The following procedures are useful in combination with search to assign values to finite domains. They spawn a binary disjunction such that in the body of one alternative (or in both alternatives) a recursive call of the procedure occurs.

{enum +D}

   Spawns a disjunction such that in one alternative the current minimum of D is assigned to D, while in the other alternative this value is excluded from D and FD.enum is called recursively in the body. If D is an integer, no disjunction is spawned.

{enums +Ds}

   From Ds the leftmost D with the smallest domain (different from an integer) is chosen. A disjunction is spawned such that in one alternative the current minimum of D is assigned to D. In the other alternative this value is excluded from D and FD.enums is called recursively in the body (the order in Ds is preserved).

{enumSplit +D}

   The domain is split in the middle into a lower and an upper half. A disjunction is spawned such that in the two alternatives D is constrained to these halves, respectively, and FD.enumSplit is called recursively in both bodies.

{enumSplits +Ds}

   A D is chosen like in procedure FD.enums from Ds. A disjunction is elaborated like in FD.enumSplit and in both alternatives the procedure FD.enumSplits is called recursively in both bodies (with integers removed from Ds).

Reflection

{getMin +D ?I}

    I is the current minimum of the domain of D.

{getMax +D ?I}

    I is the current maximum of the domain of D.

{getNextTo +D1 +D2 ?IT}

    IT is the value in the domain of D1, which is nearest to D2. If there are two integers equally near to D2, IT is bound to the pair of both integers.

{getSize +D ?I}

    I is the current size of the domain of D.

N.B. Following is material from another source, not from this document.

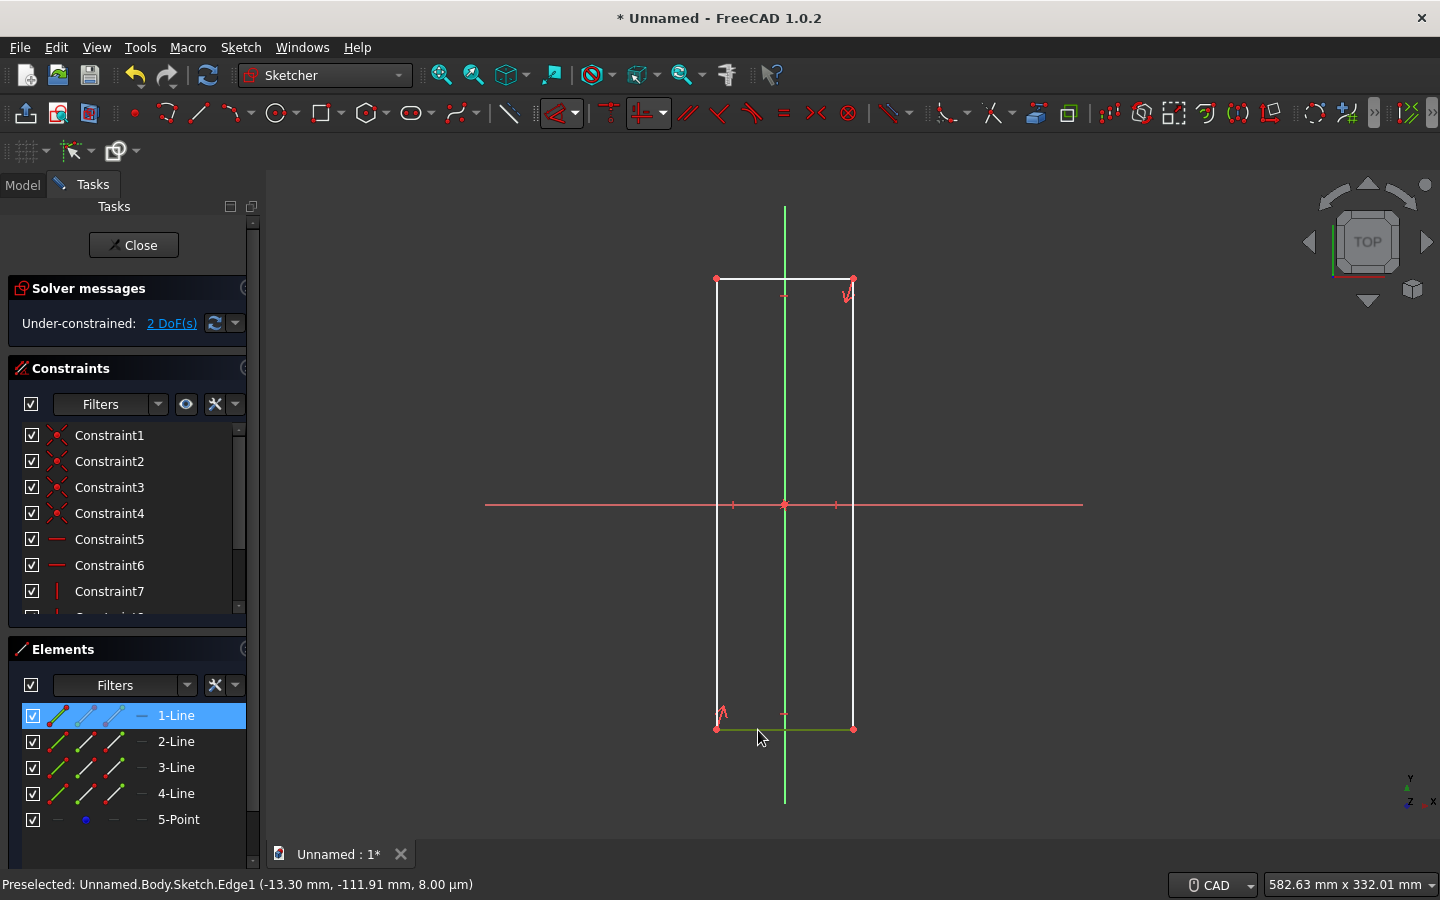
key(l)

{GetFiniteDomain +D ?Is}  
FD.get=GetFiniteDomain

     Is is a list of integers representing the domain of D.

{getDomCompact +D ?X}

    X is the representation of the domain of D where the specification described for FD.dom is used.

FD.bound=FiniteDomainBound

    The largest possible upper bound of a finite domain as defined by the implementation.